[Provided records Boundary: Start]

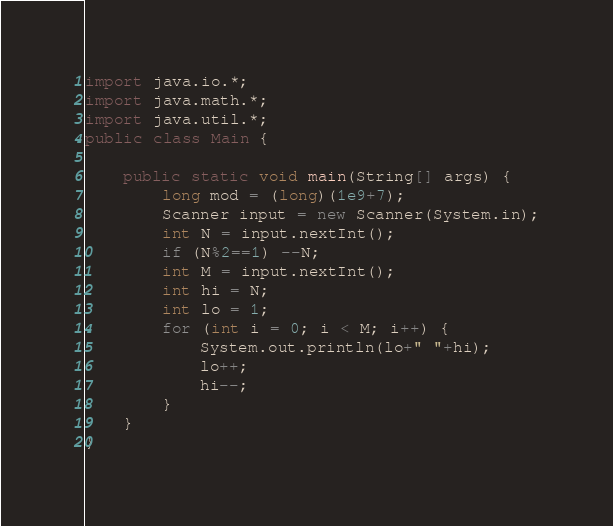Convert code to text. <code><loc_0><loc_0><loc_500><loc_500><_Java_>import java.io.*;
import java.math.*;
import java.util.*;
public class Main {

	public static void main(String[] args) {
		long mod = (long)(1e9+7);
		Scanner input = new Scanner(System.in);
		int N = input.nextInt();
		if (N%2==1) --N;
		int M = input.nextInt();
		int hi = N;
		int lo = 1;
		for (int i = 0; i < M; i++) {
			System.out.println(lo+" "+hi);
			lo++;
			hi--;
		}
	}
}</code>

[Provided records Boundary: End]

### Your objective
No picture is to appear in the copy; every entry above is otherwise to be printed verbatim.

### Exercise answer
Convert code to text. <code><loc_0><loc_0><loc_500><loc_500><_Java_>import java.io.*;
import java.math.*;
import java.util.*;
public class Main {

	public static void main(String[] args) {
		long mod = (long)(1e9+7);
		Scanner input = new Scanner(System.in);
		int N = input.nextInt();
		if (N%2==1) --N;
		int M = input.nextInt();
		int hi = N;
		int lo = 1;
		for (int i = 0; i < M; i++) {
			System.out.println(lo+" "+hi);
			lo++;
			hi--;
		}
	}
}</code>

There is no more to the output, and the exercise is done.